Are you putting each stack in a separate rack? If not, then you could have downtime later to move shelves so you can add more disks... I like the idea of 4 stacks, but if 2 stacks saves you from having to move shelves later, then it is a better option since you can add stacks 3 and 4 later as new stacks.. but if you won't exceed your current rackspace, then 4 do make sense. Do a cable audit since you might need some additional cables of different lengths than the ones that shipped if the shipment assumed 2 stacks. With MPHA, you get 24GB/sec to the back of each loop with 2 paths of 4x3GB lanes...so bandwidth to the shelves shouldn't be a bottleneck.
I'd recommend number each stack with room to grow.

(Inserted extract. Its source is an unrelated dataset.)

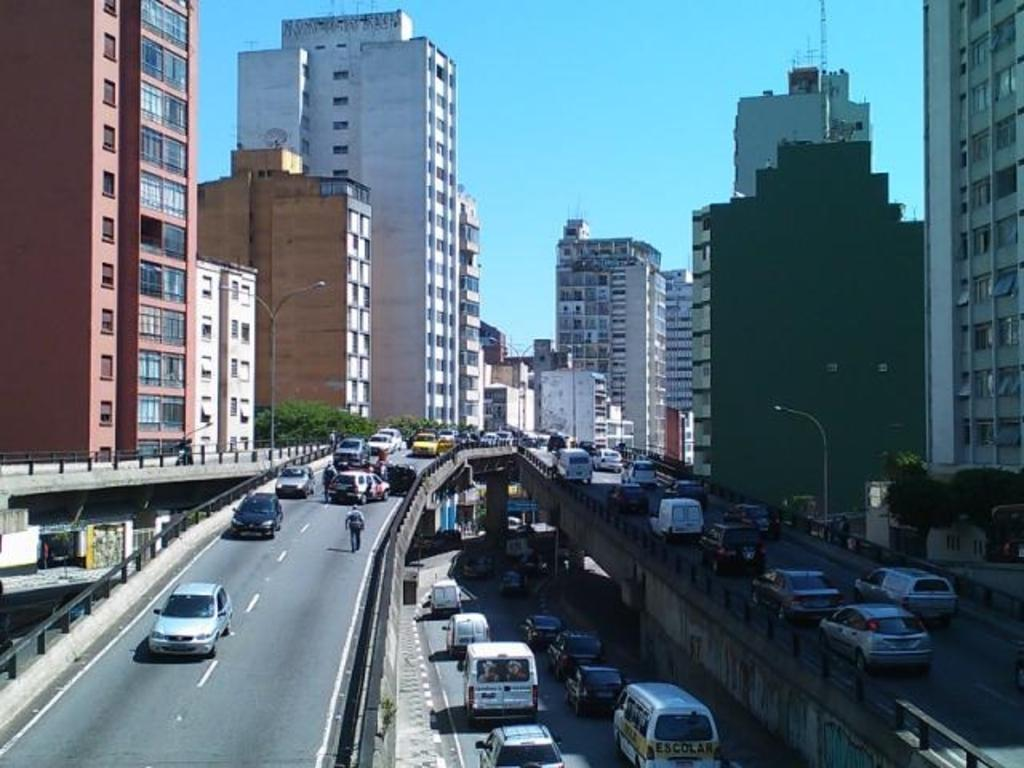What type of structures can be seen in the image? There are many buildings in the image. Where are the buildings located? The buildings are located on roads. Can you describe the distribution of buildings in the image? There are buildings on the left side of the image and on the right side of the image. What is visible at the top of the image? The sky is visible at the top of the image. What is the name of the account associated with the trousers in the image? There are no trousers or accounts present in the image; it features buildings and roads.

So the first stack has disk shelves 11,12,13,14, the second stack 21,22,23,24, the third stack 3x, forth 4x. This'll make it really easy to identify and also really easy to expand without too much forward planning.
Stretching a stack into a different rack isn't too much of an issue, you can get 5m SAS cables I believe and this is more than enough to stretch to the next rack if needed.
I second the 4x4 approach. As you say, the best back-end performance. Additionally it's the highest level of resiliency as you have to lose more loops to make something catastrophic happen! Just make sure you split all the SAS connectivity across multiple IO boards (PCIe or onboard).